The answer must restate the listing word for word, without its images.

• Supplied information:
|---|
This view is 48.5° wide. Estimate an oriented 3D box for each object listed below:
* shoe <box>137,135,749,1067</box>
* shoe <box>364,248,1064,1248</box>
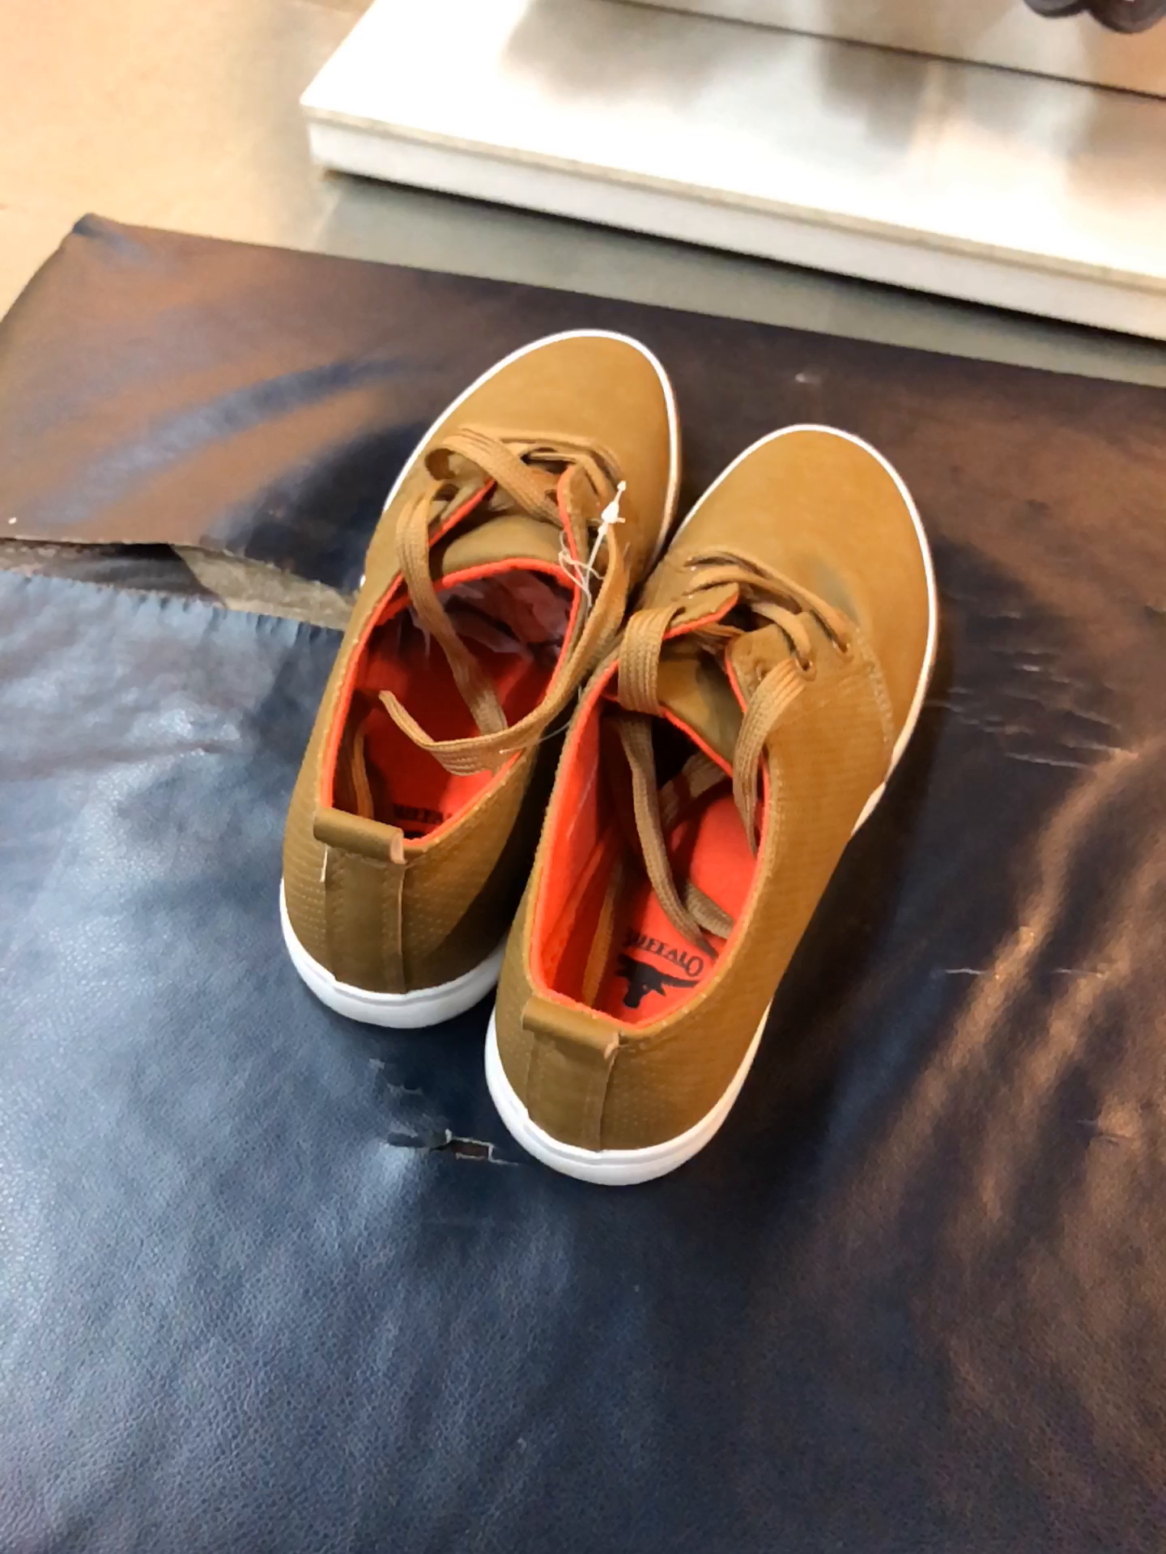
[{"bbox_3d":[-0.022,-0.067,0.380,0.100,0.097,0.267,11,54,2],"label":"shoe"},{"bbox_3d":[0.047,-0.026,0.356,0.095,0.090,0.262,21,55,9],"label":"shoe"}]
|---|
• Answer for this exercise:
This view is 48.5° wide. Estimate an oriented 3D box for each object listed below:
* shoe <box>137,135,749,1067</box>
* shoe <box>364,248,1064,1248</box>
[{"bbox_3d":[-0.022,-0.067,0.380,0.100,0.097,0.267,11,54,2],"label":"shoe"},{"bbox_3d":[0.047,-0.026,0.356,0.095,0.090,0.262,21,55,9],"label":"shoe"}]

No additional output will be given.